> _To do_
Reproduce word for word the lines between the one containing "Fill in this" and the end of the entries below, both inclusive; leave out pictures.

════════════════════

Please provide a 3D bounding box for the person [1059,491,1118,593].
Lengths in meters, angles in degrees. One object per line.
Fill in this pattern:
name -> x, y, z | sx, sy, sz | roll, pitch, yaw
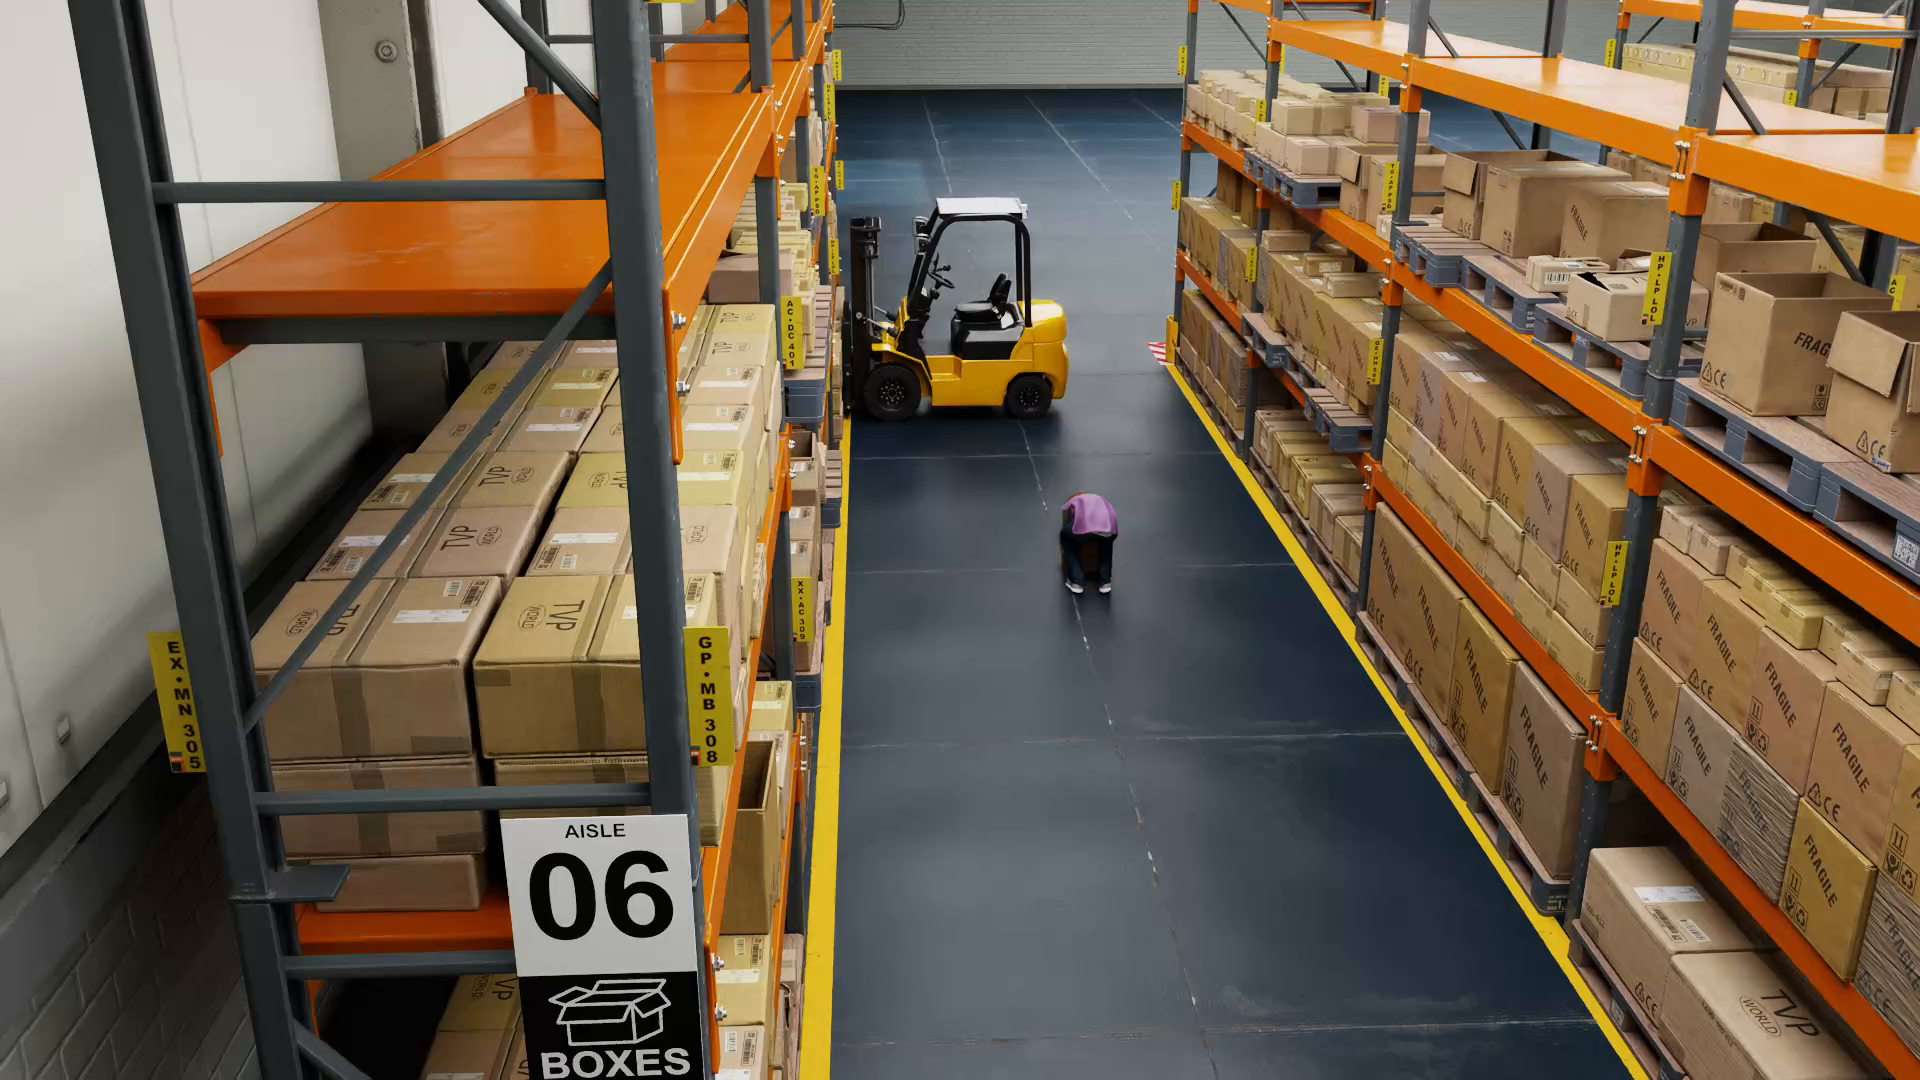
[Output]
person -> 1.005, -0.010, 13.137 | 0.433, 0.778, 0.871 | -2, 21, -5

════════════════════

> _Answer to this exercise_
Fill in this pattern:
name -> x, y, z | sx, sy, sz | roll, pitch, yaw
[Output]
person -> 1.005, -0.010, 13.137 | 0.433, 0.778, 0.871 | -2, 21, -5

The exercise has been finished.